Do or can you write and design software programs?


I did for class projects when I was working on my computer science degree.
The biggest program was an integrated DOS utility for reading disk
parameters, viewing the raw sector data, showing what disk clusters were
used by any file on the disk, and finally a disk defragmentation function.
The program featured pop-up overlapping menus, hot keys, and mouse control.
It was written in C++ and took me about 2-1/2 months to write working on it
around 15 to 20 hours per week, design - test - debugging. And after all
that it was specifically written for a 720K floppy disk so the professor
could test it without killing his hard drive in case of bugs. All that was
for a project for a class I took in operating systems. I think mine was the
only one that worked and also handled subdirectories too. Even the 20+
something year old class computer geek wiz, and the professor's pet student
no less, couldn't do it. I got the "look" from him in the hallway one day at
the start of the next semester.



2-1/2 months? You should have learned disk access functions on a
COCO-II -- your program would have been up and running in about three
days. IOW, it's much easier if you bypass the BIOS calls and access
the disk directly.


I haven't really gotten in to doing Windows programming, it's event driven
verses procedural coded. That's a totally different animal. Windows
programming is a real pain, and complex if you really want to take full
advantage of the system. For simple programs that don't need a lot of fancy
wiz-bang features Visual Basic is a good choice to use. The other choices
are Visual C++, C#, or Java. The last three are object orientated languages.
That could be a big chuck to bite off and learn for somebody who hasn't done
any programming at all.



I'll agree, Windoze sucks for programming. The libraries required for
even simple programs, while easier to understand than DOS, are far
more extensive than the DOS interrupt list, direct hardware control is
almost impossible, and the OS overhead sucks up most of the processing
power.


I've also done some Intel assembly language programming - 8080 and X86, and
VAX-11 assembly too. Assembly language programming is to computers like
Morse Code is to Ham Radio.

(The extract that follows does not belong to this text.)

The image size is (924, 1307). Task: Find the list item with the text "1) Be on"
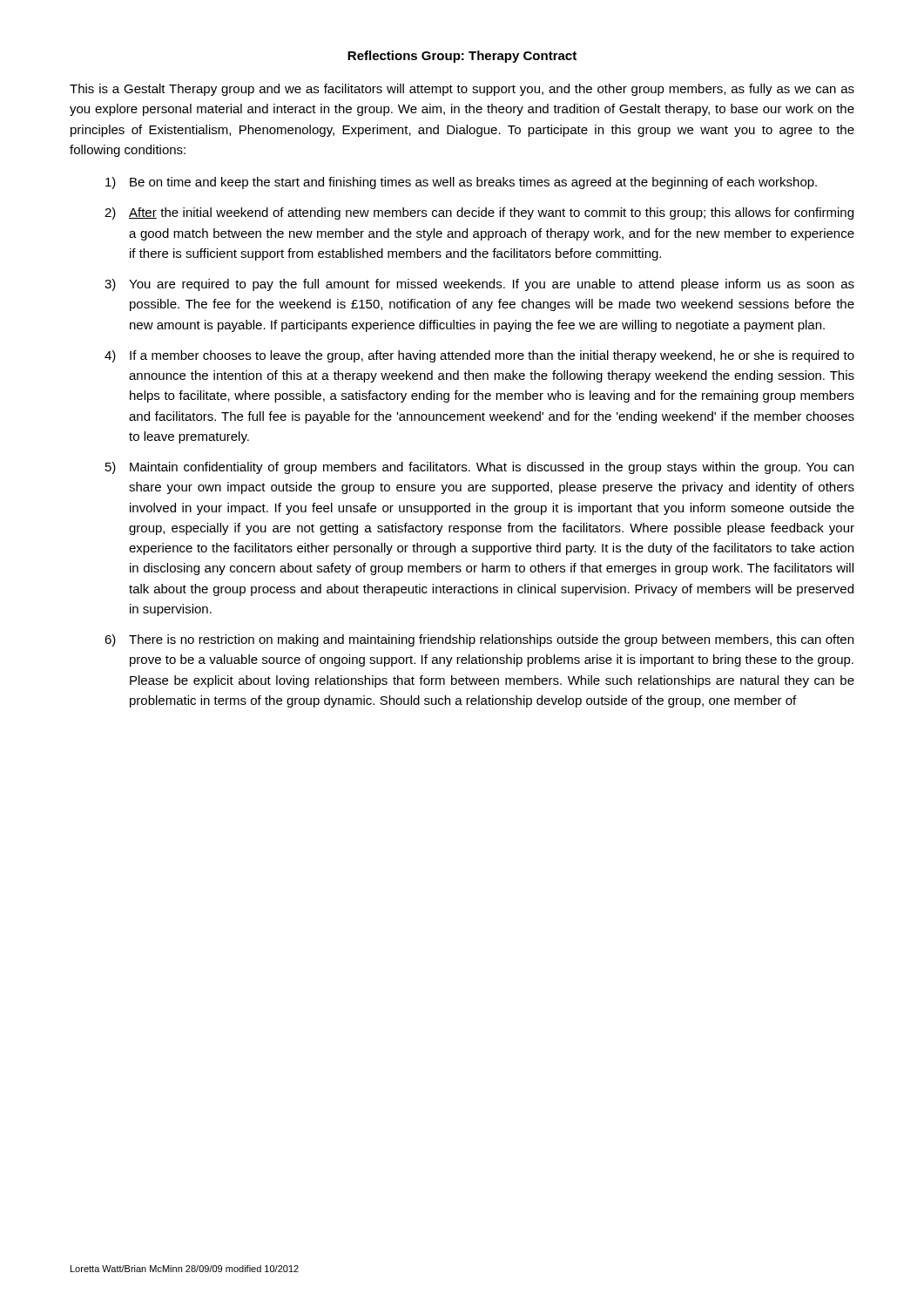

Now that I think about it the first computer I
had was a Radio Shack TRS-80 with16K of memory. The first assembly language
program I wrote, in Z80 assembly, was to translate text on the screen into
Morse Code by keying the relay contact used to control the record/play-back
function of the cassette recorder used for program storage.



You might have enjoyed playing with a TI-990 I scrapped a couple
months ago.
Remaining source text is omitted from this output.